Accepted submission by hubie at 2020-05-07 20:34:02 from the I'm-sorry-Dave-I'm-afraid-I-can't-do-that dept.
Digital Liberty

Following the denial last December in the EU [soylentnews.org], the USPTO has rejected the notion [patentlyo.com] that non-humans can apply for patents. The patent office noted that the language in US patent laws and federal regulations assumes an inventor is a person.

App’n No. 16/524,350 was filed listing DABUS as inventor and identifying DABUS as an “artificial intelligence” that “autonomously generated” the invention. Stephen Thaler created DABUS, then DABUS created the invention. Thaler then filed as the applicant.

In briefing to the PTO, the patent applicant explained that DABUS conceived of the idea of the invention and recognized its “novelty and salience.” In short, DABUS did everything necessary to be listed as an inventor with one exception — DABUS is not a human person.

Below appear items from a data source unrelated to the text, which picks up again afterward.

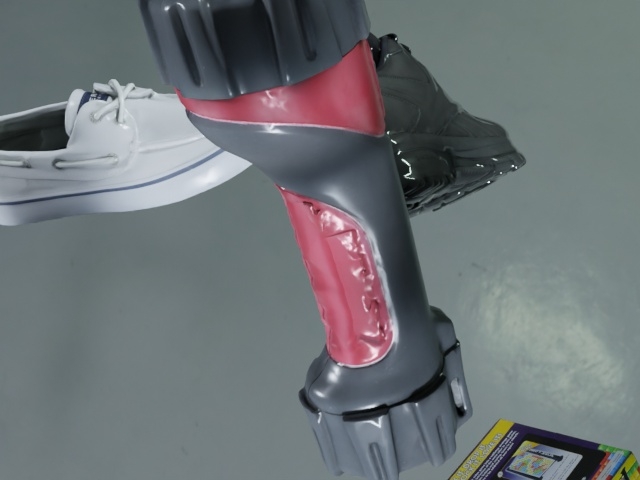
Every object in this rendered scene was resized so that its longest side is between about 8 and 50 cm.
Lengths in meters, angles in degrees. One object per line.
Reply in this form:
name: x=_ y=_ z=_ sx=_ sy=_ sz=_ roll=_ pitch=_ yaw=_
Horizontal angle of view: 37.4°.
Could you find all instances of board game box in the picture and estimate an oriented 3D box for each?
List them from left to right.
board game box: x=0.148 y=0.223 z=0.731 sx=0.170 sy=0.141 sz=0.048 roll=-42 pitch=112 yaw=-25

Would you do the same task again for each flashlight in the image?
flashlight: x=0.000 y=0.000 z=0.493 sx=0.103 sy=0.304 sz=0.103 roll=4 pitch=35 yaw=29

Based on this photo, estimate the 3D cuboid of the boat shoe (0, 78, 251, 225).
boat shoe: x=-0.161 y=-0.075 z=0.711 sx=0.258 sy=0.084 sz=0.095 roll=-14 pitch=39 yaw=14

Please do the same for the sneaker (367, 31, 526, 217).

The Patent Act does not expressly limit inventorship rights to humans, but does suggest that each inventor must have a name, and be an “individual.”

(f) The term “inventor” means the individual or, if a joint invention, the individuals collectively who invented or discovered the subject matter of the invention.

35 U.S.C. 100(f). In denying the DABUS petition, PTO Commissioner’s Office suggests that the word “Whoever” in Section 101 indicates a human “natural person.” (citing Webster’s 2011). Of course, Section 271 also uses “whoever” to define infringement — and human “natural persons” are almost never the ones charged with infringement. The Federal Courts have repeatedly held that we need to find the “individuals” who are the inventors, and not simply point to a collective organization like a corporation or government entity. However, the PTO could not point to precedent where the claimed inventor is a thinking non-human machine.